Posted: 04/18/2012 12:23 pm

I'm no kin to the monkey, no no no
The monkey's no kin to me, yeah yeah yeah
I don't know much about his ancestors
But mine didn't swing from a tree.

That's the first verse of a famous creationist ditty, "I'm No Kin to the Monkey," written by Dave Hendricks. You can hear a famous 1972 performance of it by two sisters, Robin and Crystal Bernard, singing at Jerry Falwell's Thomas Road Baptist Church, on YouTube, where it's called "The Monkey Song." And you might be excused for thinking that you might have detected it echoing through the Tennessee General Assembly recently. Eighty-seven years after the notorious Scopes trial, the Tennessee legislature recently passed a bill encouraging teachers to present the "scientific strengths and scientific weaknesses" of topics that arouse "debate and disputation" such as "biological evolution, the chemical origins of life, global warming, and human cloning," and the governor allowed the bill to become law without his signature.
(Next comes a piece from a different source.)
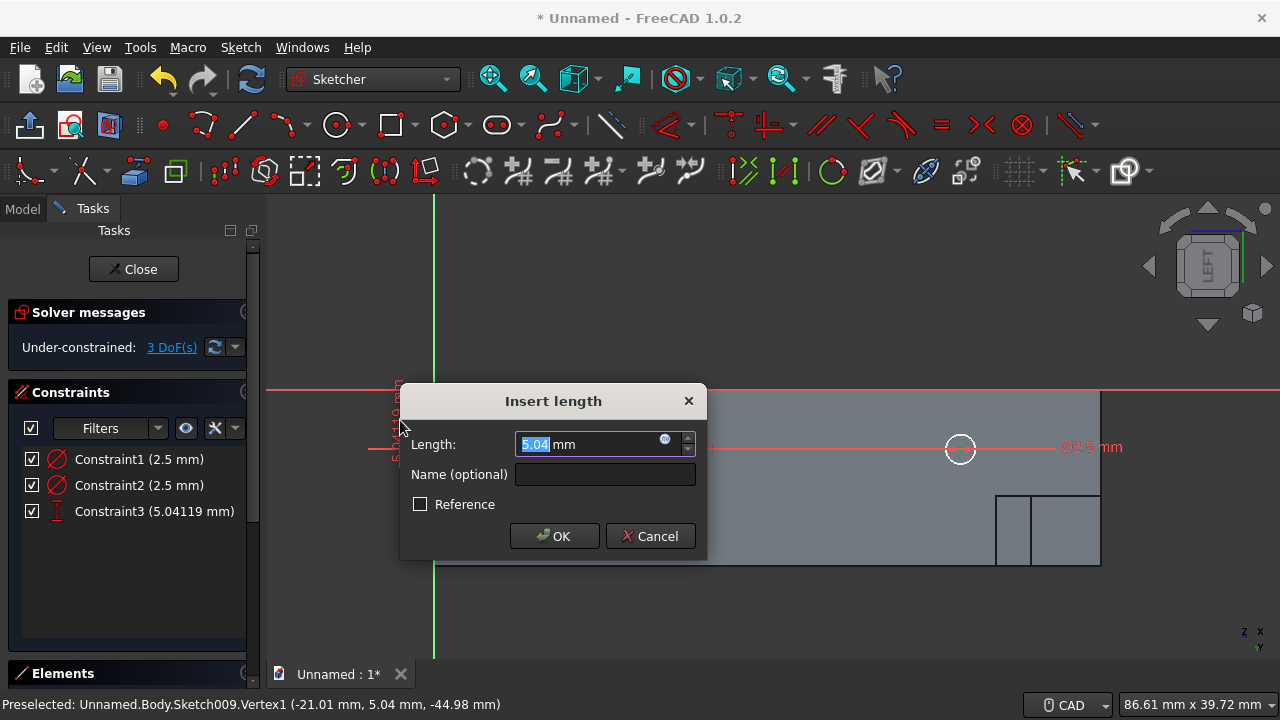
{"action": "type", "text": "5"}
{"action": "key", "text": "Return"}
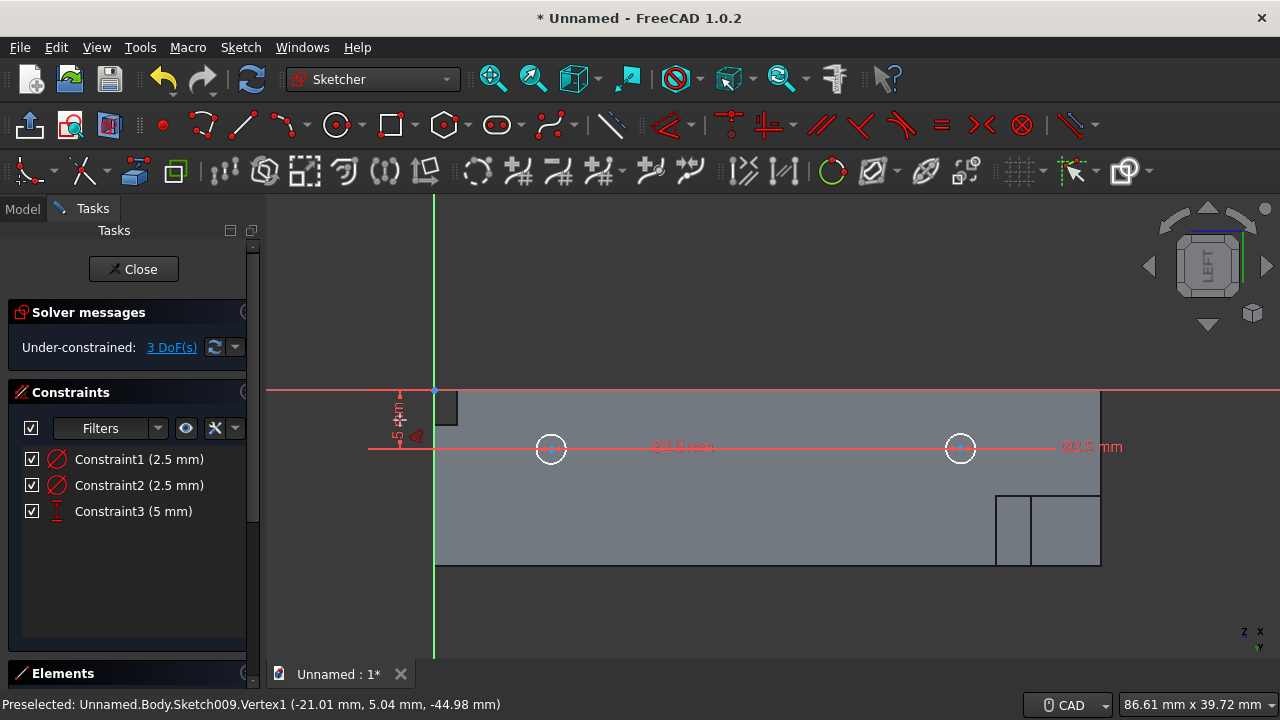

Scopes was convicted in 1925 of violating a Tennessee law that forbade the teaching of human evolution in the state's public schools, and that law remained on the books until 1967, when the Tennessee legislature repealed it, anticipating the Supreme Court's 1968 ruling that such laws are unconstitutional. But creationist tactics have evolved. After it was no longer possible to ban the teaching of evolution, creationists tried to have creationism -- whether in the form of "creation science" or "intelligent design" -- taught alongside evolution. With a Supreme Court ruling in 1987 against the teaching of creation science and a federal court ruling in 2005 against the teaching of intelligent design, the strategy is increasingly recognized as a failure. And so the subtler approach of the new Tennessee law.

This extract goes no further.